Originalism — trying to follow the intent of the writers of the Constitution — is a risky business. So is basing one’s ethics on the bible. Why? Because you may end up looking like Mr. Taney or Mr. Dew.

The Supreme Court’s 1857 Dred Scott decision declared that black Americans, even free ones, could not be citizens of the United States and were not entitled to rights. The majority opinion, written by Chief Justice Roger B. Taney, stated that blacks

are not included, and were not intended to be included, under the word “citizens” in the Constitution, and can therefore claim none of the rights and privileges which that instrument provides for and secures to citizens of the United States. On the contrary, they were at that time [1787] considered as a subordinate and inferior class of beings who had been subjugated by the dominant race, and, whether emancipated or not, yet remained subject to their authority, and had no rights or privileges but such as those who held the power and the government might choose to grant them. It is not the province of the court to decide upon the justice or injustice, the policy or impolicy, of these laws. The decision of that question belonged to the political or lawmaking power, to those who formed the sovereignty and framed the Constitution. The duty of the court is to interpret the instrument they have framed with the best lights we can obtain on the subject, and to administer it as we find it, according to its true intent and meaning when it was adopted…

Taney reiterated:

[Blacks] had for more than a century before been regarded as beings of an inferior order, and altogether unfit to associate with the white race either in social or political relations, and so far inferior that they had no rights which the white man was bound to respect, and that the Negro might justly and lawfully be reduced to slavery for his benefit. He was bought and sold, and treated as an ordinary article of merchandise and traffic whenever a profit could be made by it. This opinion was at that time fixed and universal in the civilized portion of the white race.

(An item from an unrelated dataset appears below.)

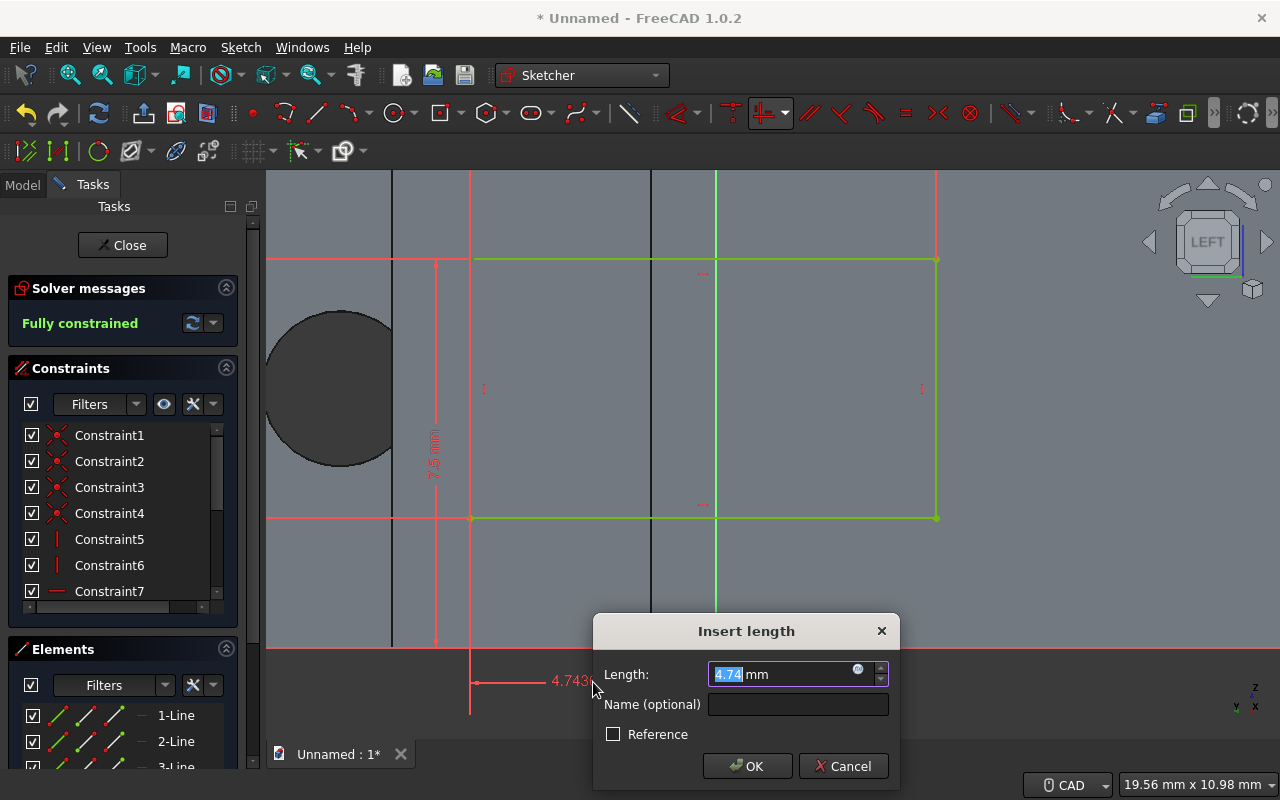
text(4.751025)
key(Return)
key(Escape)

The Declaration is mentioned often as well:

“We hold these truths to be self-evident: that all men are created equal; that they are endowed by their Creator with certain unalienable rights; that among them is [sic] life, liberty, and the pursuit of happiness…”

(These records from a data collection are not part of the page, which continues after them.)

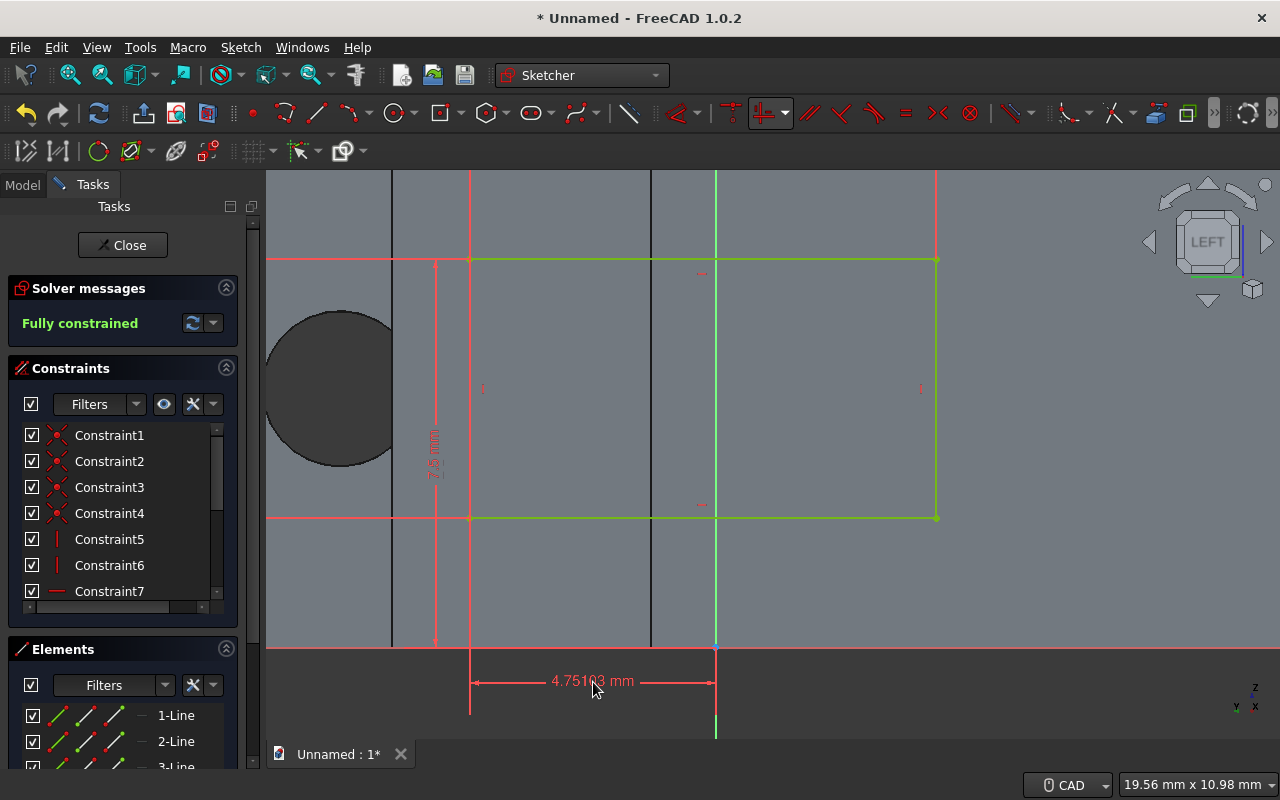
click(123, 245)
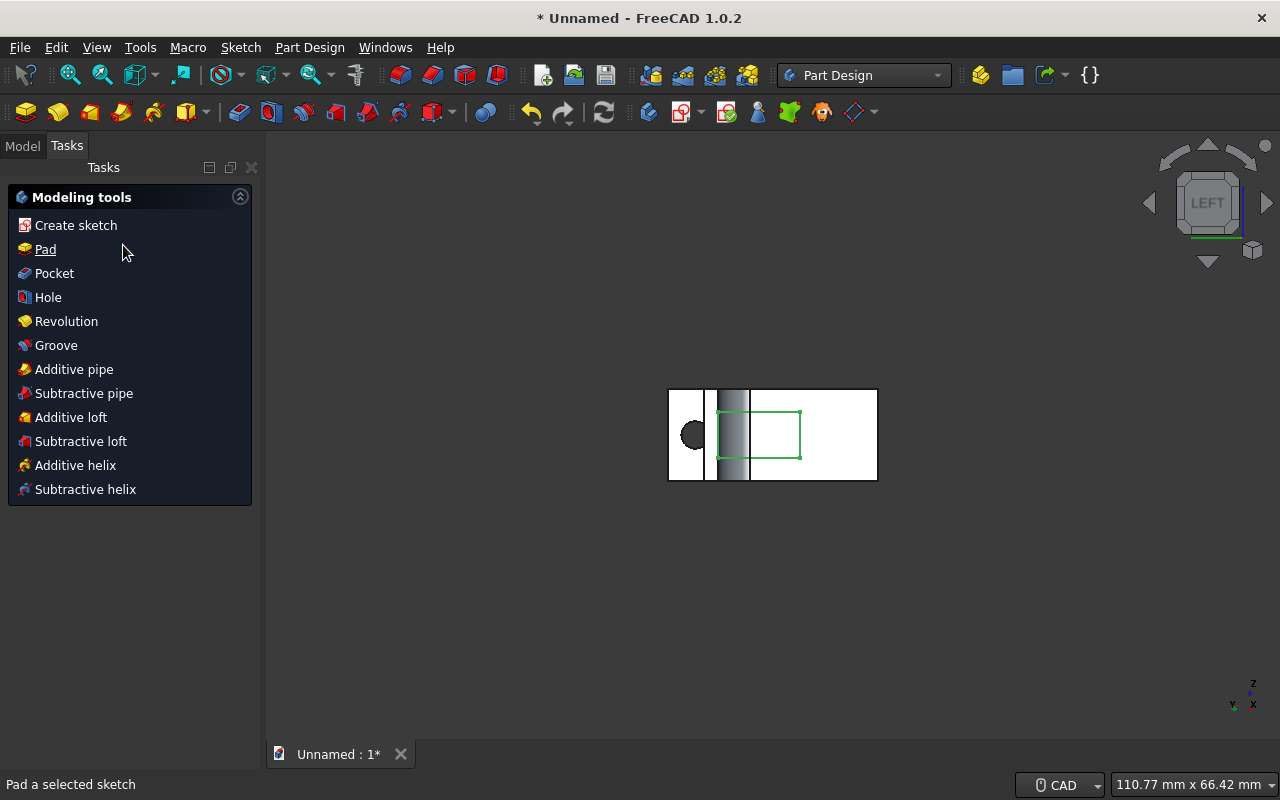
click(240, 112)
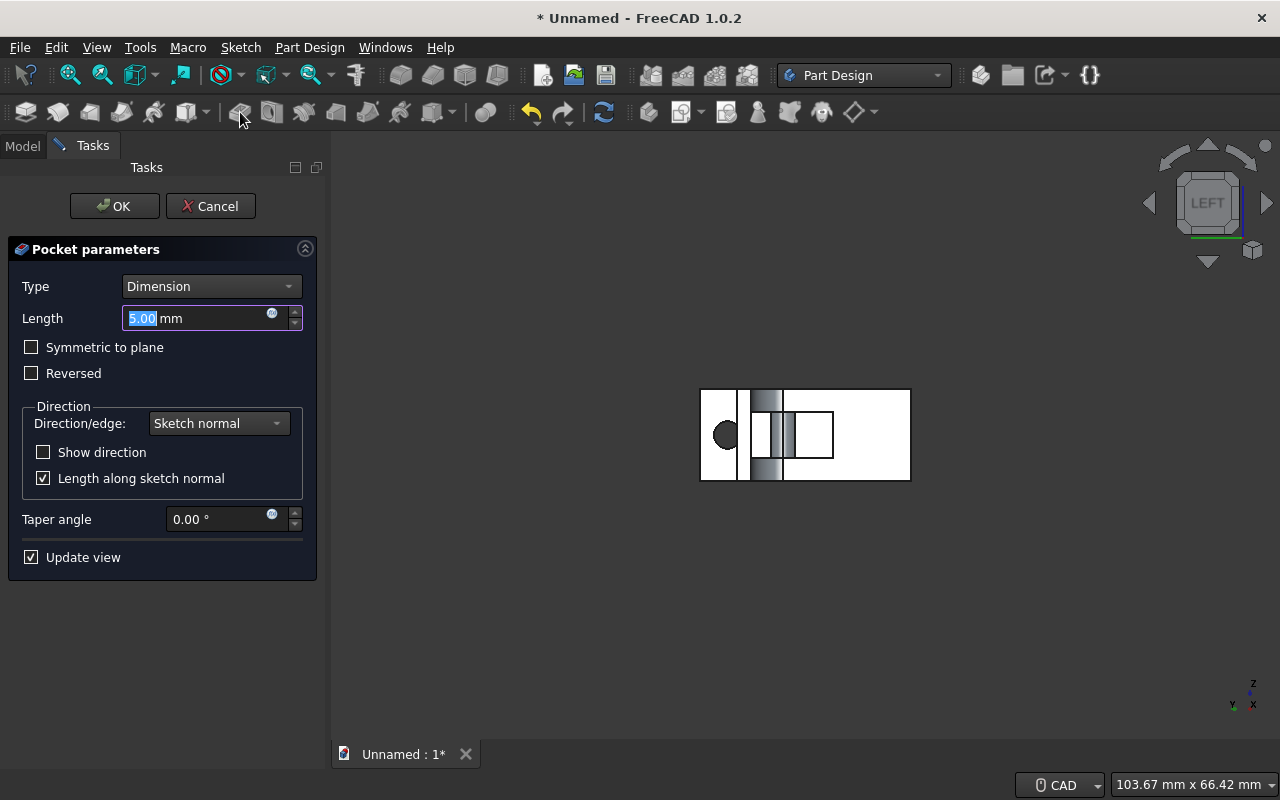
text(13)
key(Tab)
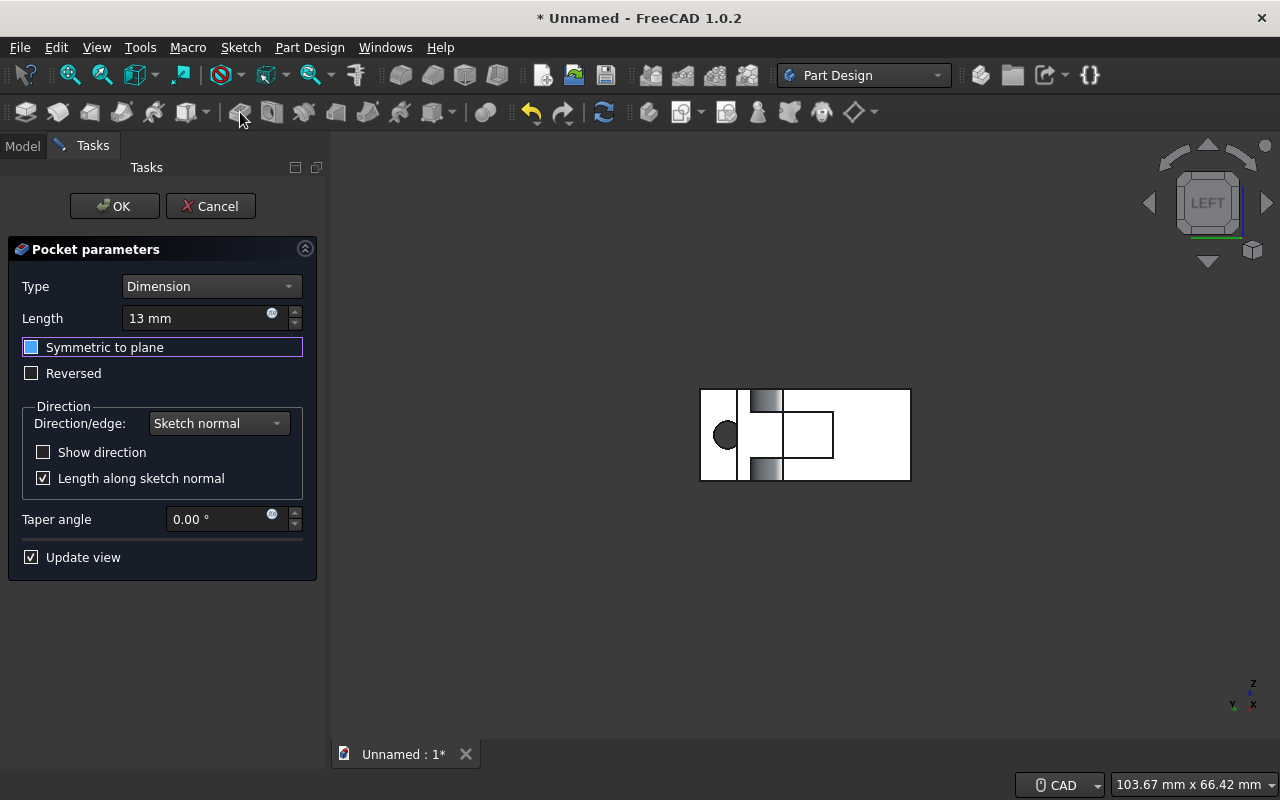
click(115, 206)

The general words above quoted would seem to embrace the whole human family, and if they were used in a similar instrument at this day would be so understood. But it is too clear for dispute that the enslaved African race were not intended to be included…

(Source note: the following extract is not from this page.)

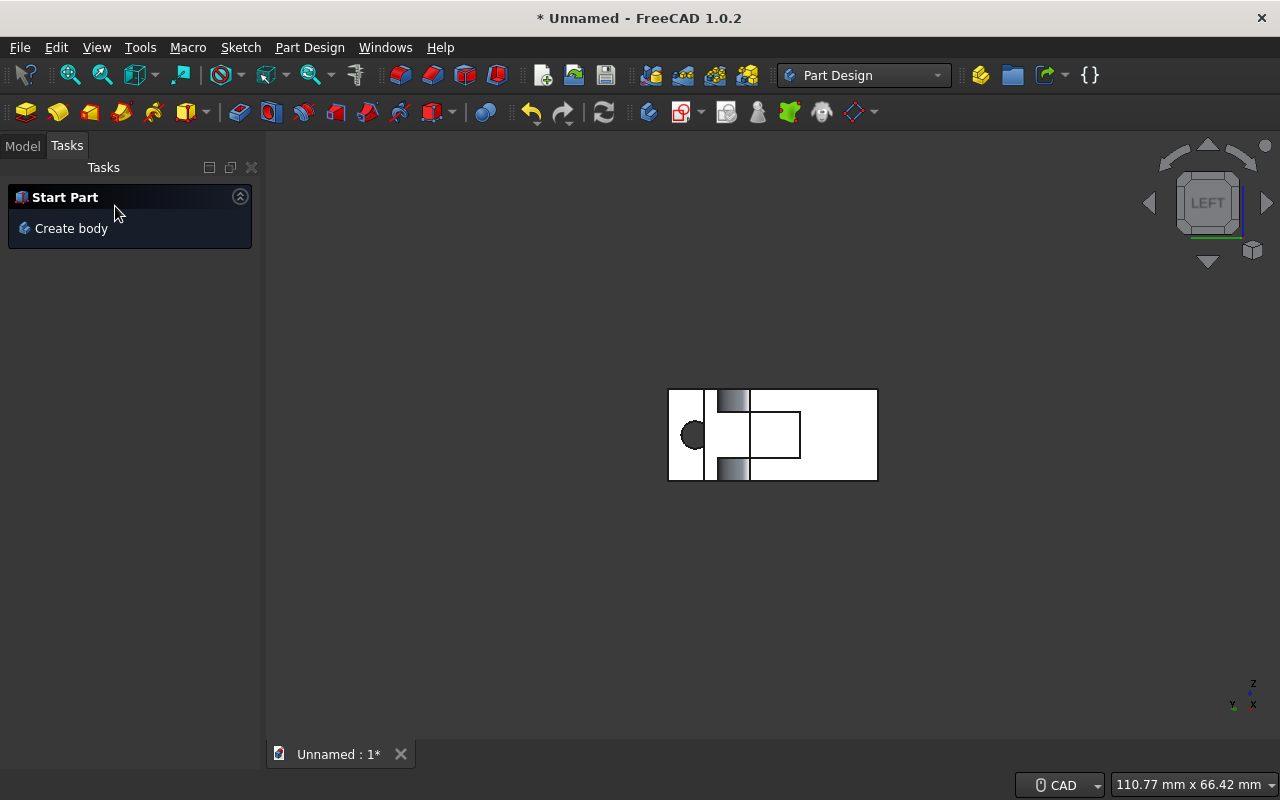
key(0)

Clearly, basing one’s beliefs and policy positions on older documents from barbaric times is a fine way to continue the barbarism. This is true whether or not you judge originalism to be the proper method of legal interpretation. In the context of American slavery, the same continuation occurred with the bible. In the antebellum era Thomas R. Dew, president of the College of William and Mary, denied

most positively that there is anything in the Old or New Testament which would go to show that slavery, when once introduced, ought at all events to be abrogated, or that the master commits any offense in holding slaves. The children of Israel themselves were slaveholders and were not condemned for it. All the patriarchs themselves were slaveholders; Abraham had more than three hundred, Isaac had a “great store” of them; and even the patient and meek Job himself had “a very great household.” When the children of Israel conquered the land of Canaan, they made one whole tribe “hewers of wood and drawers of water,” and they were at that very time under the special guidance of Jehovah; they were permitted expressly to purchase slaves of the heathen and keep them as an inheritance for their posterity; and even the children of Israel might be enslaved for six years.

When we turn to the New Testament, we find not one single passage at all calculated to disturb the conscience of an honest slaveholder. No one can read it without seeing and admiring that the meek and humble Saviour of the world in no instance meddled with the established institutions of mankind; he came to save a fallen world, and not to excite the black passions of man and array them in deadly hostility against each other. From no one did he turn away; his plan was offered alike to all—to the monarch and the subject, the rich and the poor, the master and the slave. He was born in the Roman world, a world in which the most galling slavery existed, a thousand times more cruel than the slavery in our own country; and yet he nowhere encourages insurrection, he nowhere fosters discontent; but exhorts always to implicit obedience and fidelity.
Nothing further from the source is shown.